Le cours de l'or a franchi la barre des 3 000 dollars l'once en 2026, une première historique. Pour l'Afrique de l'Ouest, qui regroupe certains des plus grands producteurs mondiaux – Ghana, Mali, Burkina Faso – cette conjoncture est une aubaine, mais aussi un test de souveraineté. Alors que les recettes fiscales et les redevances augmentent, les gouvernements accélèrent les réformes pour renégocier les conventions minières et imposer une transformation locale du minerai.

Infographie — Or · Production

Une fenêtre de rentabilité sans précédent

Depuis le début de l'année 2026, l'or s'échange à des niveaux records, porté par les tensions géopolitiques et la dépréciation du dollar. Cette flambée des prix transforme l'équation économique des mines ouest-africaines. Au Ghana, premier producteur du continent, les exportations aurifères ont bondi de 35 % au premier trimestre, selon les données de la Banque du Ghana. Au Burkina Faso, le secteur minier représente désormais près de 15 % du PIB, malgré une insécurité persistante.

Cette rentabilité accrue offre une marge de manœuvre budgétaire inespérée à des États souvent endettés. Mais elle soulève aussi des questions sur la répartition de la valeur entre compagnies étrangères et trésors publics. Historiquement, les conventions minières signées dans les années 2000 accordaient des avantages fiscaux très généreux aux investisseurs. Aujourd'hui, les gouvernements tentent de renégocier ces accords.

Les tentatives de réappropriation souveraine

Au Mali, le nouveau code minier adopté en 2023 impose une participation obligatoire de l'État de 30 % dans les nouveaux projets. En juin 2026, le gouvernement malien a ouvert des discussions avec les majors étrangères pour réviser les contrats en cours, arguant que les prix actuels justifient une hausse des redevances. Le Burkina Faso suit une trajectoire similaire, avec un projet de loi visant à porter la part de l'État de 10 à 20 % dans les mines existantes.

Au-delà de la fiscalité, la souveraineté énergétique régionale est en jeu. L'industrie minière est très gourmande en électricité : les sites d'extraction consomment jusqu'à 30 % de la production nationale dans certains pays. Avec la flambée de l'or, les compagnies cherchent à sécuriser leur approvisionnement énergétique, ce qui pousse les États à accélérer leurs projets hydroélectriques, comme le barrage de Souapiti en Guinée, évoqué dans les actualités de mai 2026. Mais ces infrastructures peinent à suivre la demande.
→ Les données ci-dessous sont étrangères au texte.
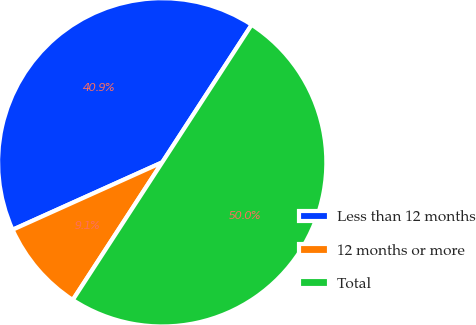<chart> <loc_0><loc_0><loc_500><loc_500><pie_chart><fcel>Less than 12 months<fcel>12 months or more<fcel>Total<nl><fcel>40.91%<fcel>9.09%<fcel>50.0%<nl></chart> 
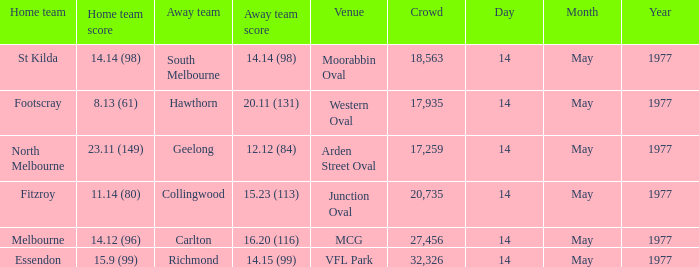Name the away team for essendon Richmond. 
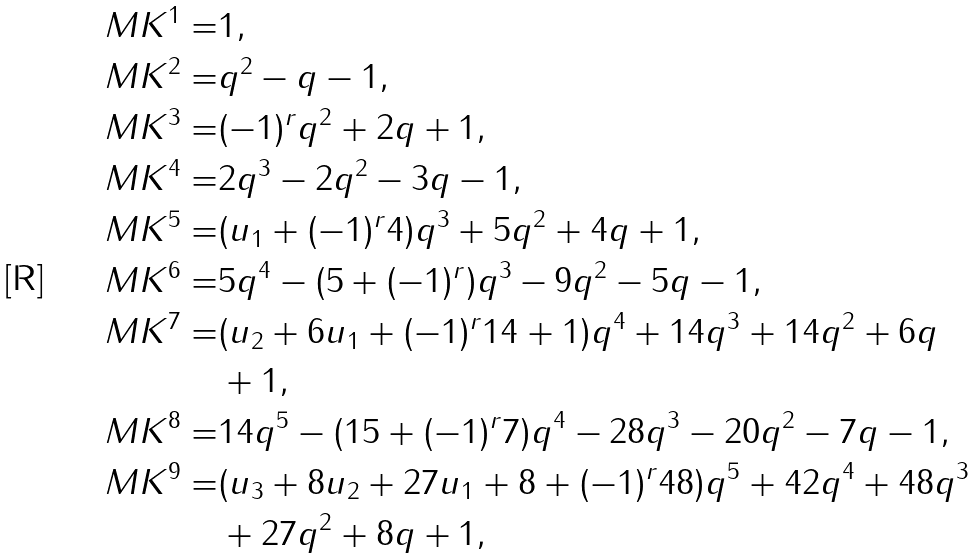Convert formula to latex. <formula><loc_0><loc_0><loc_500><loc_500>M K ^ { 1 } = & 1 , \\ M K ^ { 2 } = & q ^ { 2 } - q - 1 , \\ M K ^ { 3 } = & ( - 1 ) ^ { r } q ^ { 2 } + 2 q + 1 , \\ M K ^ { 4 } = & 2 q ^ { 3 } - 2 q ^ { 2 } - 3 q - 1 , \\ M K ^ { 5 } = & ( u _ { 1 } + ( - 1 ) ^ { r } 4 ) q ^ { 3 } + 5 q ^ { 2 } + 4 q + 1 , \\ M K ^ { 6 } = & 5 q ^ { 4 } - ( 5 + ( - 1 ) ^ { r } ) q ^ { 3 } - 9 q ^ { 2 } - 5 q - 1 , \\ M K ^ { 7 } = & ( u _ { 2 } + 6 u _ { 1 } + ( - 1 ) ^ { r } 1 4 + 1 ) q ^ { 4 } + 1 4 q ^ { 3 } + 1 4 q ^ { 2 } + 6 q \\ & + 1 , \\ M K ^ { 8 } = & 1 4 q ^ { 5 } - ( 1 5 + ( - 1 ) ^ { r } 7 ) q ^ { 4 } - 2 8 q ^ { 3 } - 2 0 q ^ { 2 } - 7 q - 1 , \\ M K ^ { 9 } = & ( u _ { 3 } + 8 u _ { 2 } + 2 7 u _ { 1 } + 8 + ( - 1 ) ^ { r } 4 8 ) q ^ { 5 } + 4 2 q ^ { 4 } + 4 8 q ^ { 3 } \\ & + 2 7 q ^ { 2 } + 8 q + 1 , \\</formula> 
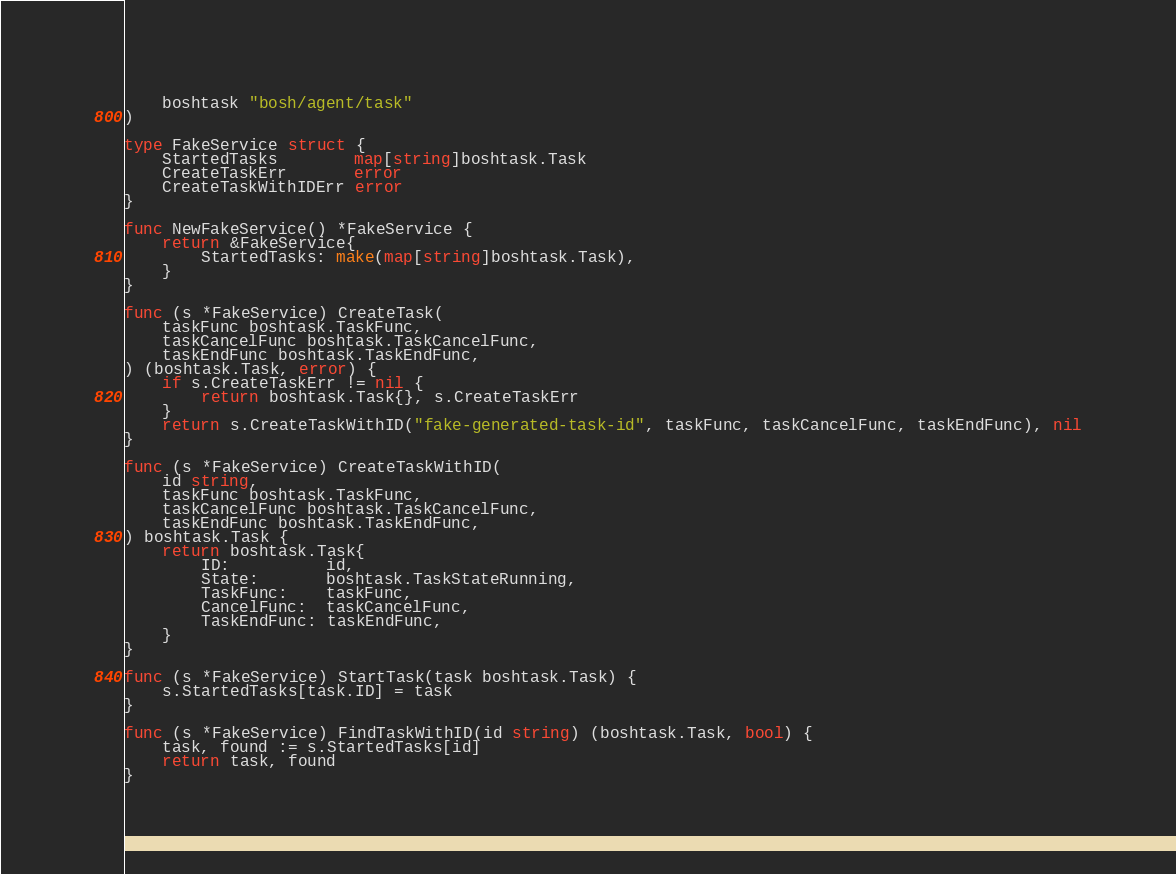<code> <loc_0><loc_0><loc_500><loc_500><_Go_>	boshtask "bosh/agent/task"
)

type FakeService struct {
	StartedTasks        map[string]boshtask.Task
	CreateTaskErr       error
	CreateTaskWithIDErr error
}

func NewFakeService() *FakeService {
	return &FakeService{
		StartedTasks: make(map[string]boshtask.Task),
	}
}

func (s *FakeService) CreateTask(
	taskFunc boshtask.TaskFunc,
	taskCancelFunc boshtask.TaskCancelFunc,
	taskEndFunc boshtask.TaskEndFunc,
) (boshtask.Task, error) {
	if s.CreateTaskErr != nil {
		return boshtask.Task{}, s.CreateTaskErr
	}
	return s.CreateTaskWithID("fake-generated-task-id", taskFunc, taskCancelFunc, taskEndFunc), nil
}

func (s *FakeService) CreateTaskWithID(
	id string,
	taskFunc boshtask.TaskFunc,
	taskCancelFunc boshtask.TaskCancelFunc,
	taskEndFunc boshtask.TaskEndFunc,
) boshtask.Task {
	return boshtask.Task{
		ID:          id,
		State:       boshtask.TaskStateRunning,
		TaskFunc:    taskFunc,
		CancelFunc:  taskCancelFunc,
		TaskEndFunc: taskEndFunc,
	}
}

func (s *FakeService) StartTask(task boshtask.Task) {
	s.StartedTasks[task.ID] = task
}

func (s *FakeService) FindTaskWithID(id string) (boshtask.Task, bool) {
	task, found := s.StartedTasks[id]
	return task, found
}
</code> 
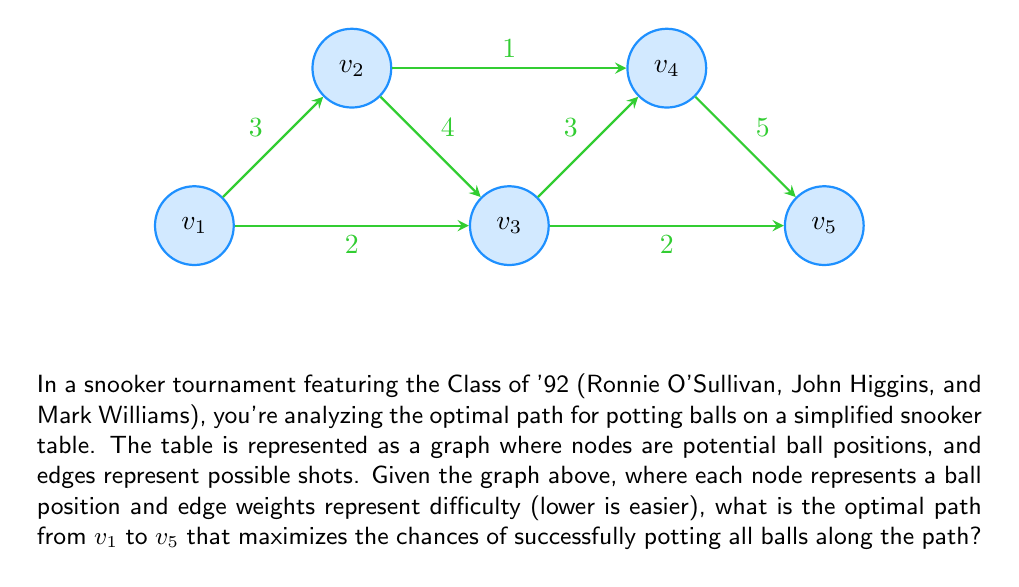Show me your answer to this math problem. To solve this problem, we'll use Dijkstra's algorithm to find the shortest path from $v_1$ to $v_5$, which represents the optimal path for potting balls with the least difficulty.

Step 1: Initialize distances
Set distance to $v_1$ as 0 and all other nodes as infinity.
$d(v_1) = 0$, $d(v_2) = \infty$, $d(v_3) = \infty$, $d(v_4) = \infty$, $d(v_5) = \infty$

Step 2: Visit $v_1$
Update neighbors:
$d(v_2) = \min(\infty, 0 + 3) = 3$
$d(v_3) = \min(\infty, 0 + 2) = 2$

Step 3: Visit $v_3$ (lowest unvisited distance)
Update neighbors:
$d(v_2) = \min(3, 2 + 4) = 3$
$d(v_4) = \min(\infty, 2 + 3) = 5$
$d(v_5) = \min(\infty, 2 + 2) = 4$

Step 4: Visit $v_2$
Update neighbors:
$d(v_4) = \min(5, 3 + 1) = 4$

Step 5: Visit $v_5$ (lowest unvisited distance)
No updates needed.

Step 6: Visit $v_4$
No updates needed.

The shortest path from $v_1$ to $v_5$ is $v_1 \rightarrow v_3 \rightarrow v_5$ with a total difficulty of 4.

This path represents the optimal sequence of shots that a skilled player like those from the Class of '92 would likely choose, balancing difficulty and position for the next shot.
Answer: $v_1 \rightarrow v_3 \rightarrow v_5$ 
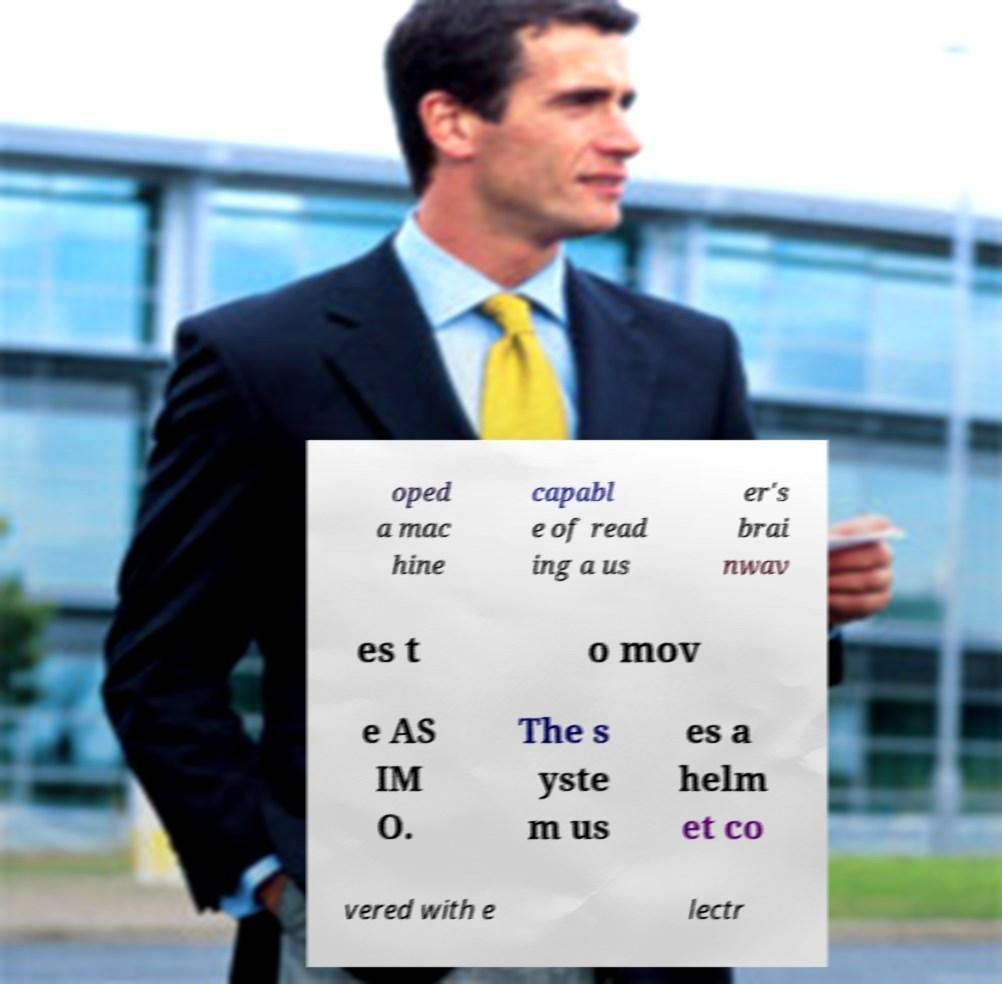For documentation purposes, I need the text within this image transcribed. Could you provide that? oped a mac hine capabl e of read ing a us er's brai nwav es t o mov e AS IM O. The s yste m us es a helm et co vered with e lectr 
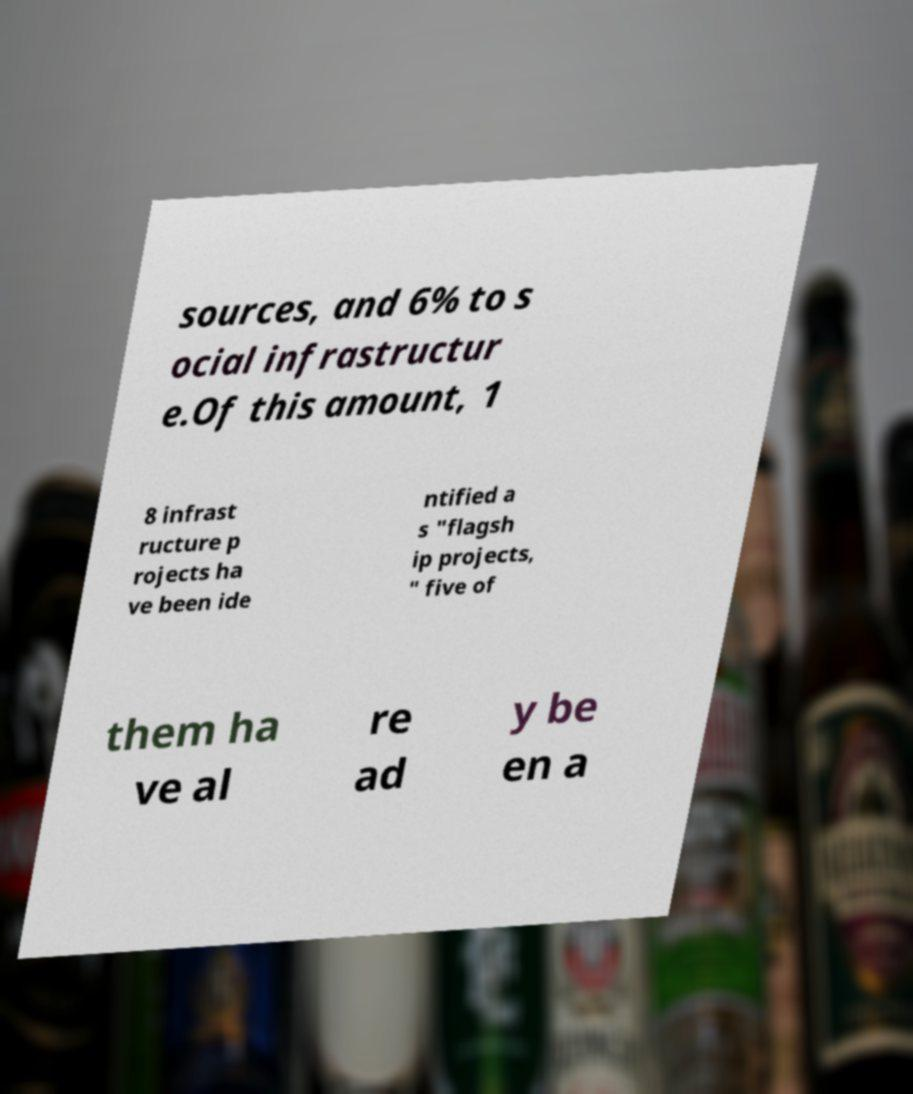Could you assist in decoding the text presented in this image and type it out clearly? sources, and 6% to s ocial infrastructur e.Of this amount, 1 8 infrast ructure p rojects ha ve been ide ntified a s "flagsh ip projects, " five of them ha ve al re ad y be en a 
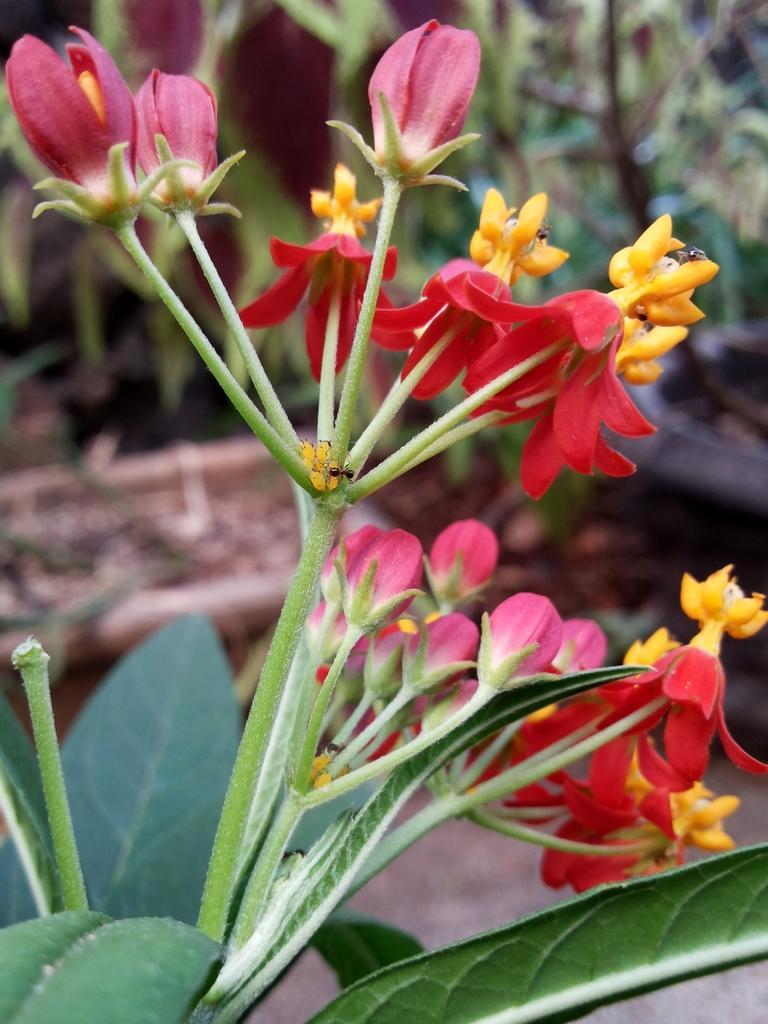Please provide a concise description of this image. In this image I can see the flowers to the plant. These flowers are in red, yellow and pink color. In the back I can see many plants. 
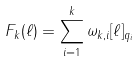<formula> <loc_0><loc_0><loc_500><loc_500>F _ { k } ( \ell ) = \sum _ { i = 1 } ^ { k } \omega _ { k , i } [ \ell ] _ { q _ { i } }</formula> 
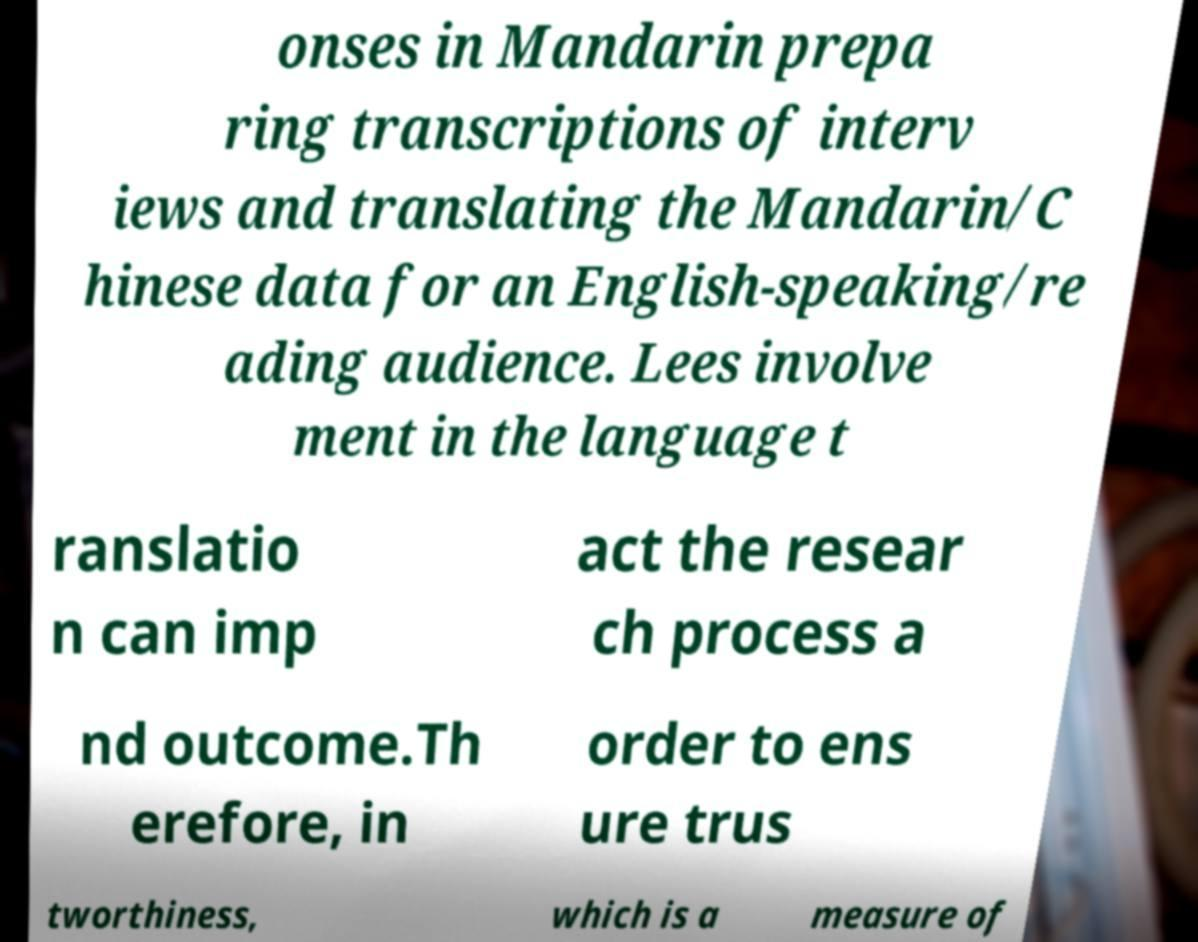I need the written content from this picture converted into text. Can you do that? onses in Mandarin prepa ring transcriptions of interv iews and translating the Mandarin/C hinese data for an English-speaking/re ading audience. Lees involve ment in the language t ranslatio n can imp act the resear ch process a nd outcome.Th erefore, in order to ens ure trus tworthiness, which is a measure of 
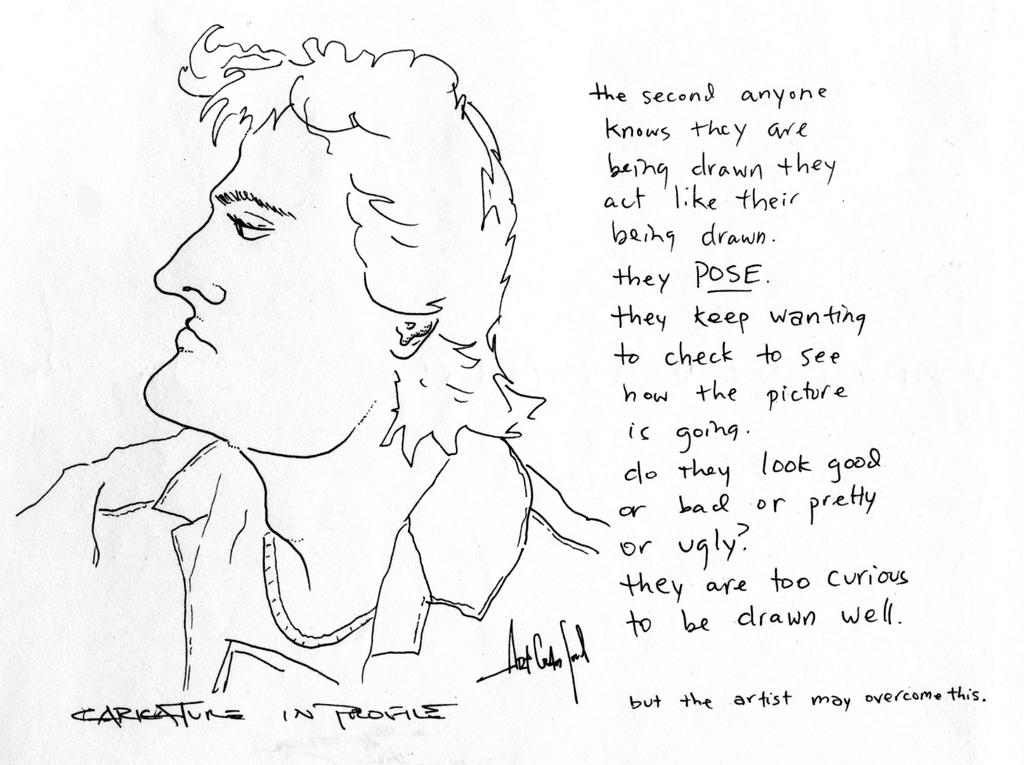What is depicted in the image? There is a drawing of a person in the image. What else can be seen in the image besides the drawing? There is text written on the right side of the image. What type of reaction can be seen from the person's nose in the image? There is no reaction visible from the person's nose in the image, as it is a drawing and not a real person.

Géopolitique des filières aurifères

La ruée vers l'or modifie aussi les équilibres régionaux. La CEDEAO, dans son « Pacte d'avenir » dévoilé en 2025, a inclus une harmonisation des cadres miniers pour éviter la concurrence fiscale entre États membres. Cependant, les divergences persistent : le Ghana mise sur un partenariat public-privé pour attirer les investissements, tandis que le Mali et le Burkina Faso privilégient un contrôle étatique accru.

Parallèlement, l'or informel – souvent issu de mines artisanales – représente selon les estimations jusqu'à 40 % de la production régionale. Cette filière échappe en grande partie aux circuits officiels, privant les États de recettes substantielles. Plusieurs pays ont lancé des campagnes de formalisation, mais les résultats restent modestes.

Une dépendance qui interroge

La hausse du cours de l'or a un effet ambivalent. D'un côté, elle génère des liquidités qui pourraient financer des investissements structurants. De l'autre, elle accentue la vulnérabilité des économies aux fluctuations des matières premières. Les producteurs ouest-africains sont encore peu diversifiés : l'or représente plus de 70 % des exportations du Mali et du Burkina Faso.

Les autorités monétaires régionales, en particulier celles de l'UEMOA, observent avec attention les effets inflationnistes d'une manne soudaine. La pression sur le franc CFA – déjà contesté – pourrait s'accroître si les recettes en or ne sont pas converties en réserves de change suffisantes.

Cette conjoncture exceptionnelle révèle une double tension : les États veulent capter davantage de la rente minière, mais ils doivent aussi composer avec des acteurs privés puissants et des réalités sécuritaires complexes. À plus long terme, la question centrale reste celle de la transformation locale : tant que l'or brut continue de quitter la région sans valeur ajoutée, les économies ouest-africaines resteront prisonnières d'un modèle extractif dont elles peinent à maîtriser les retombées.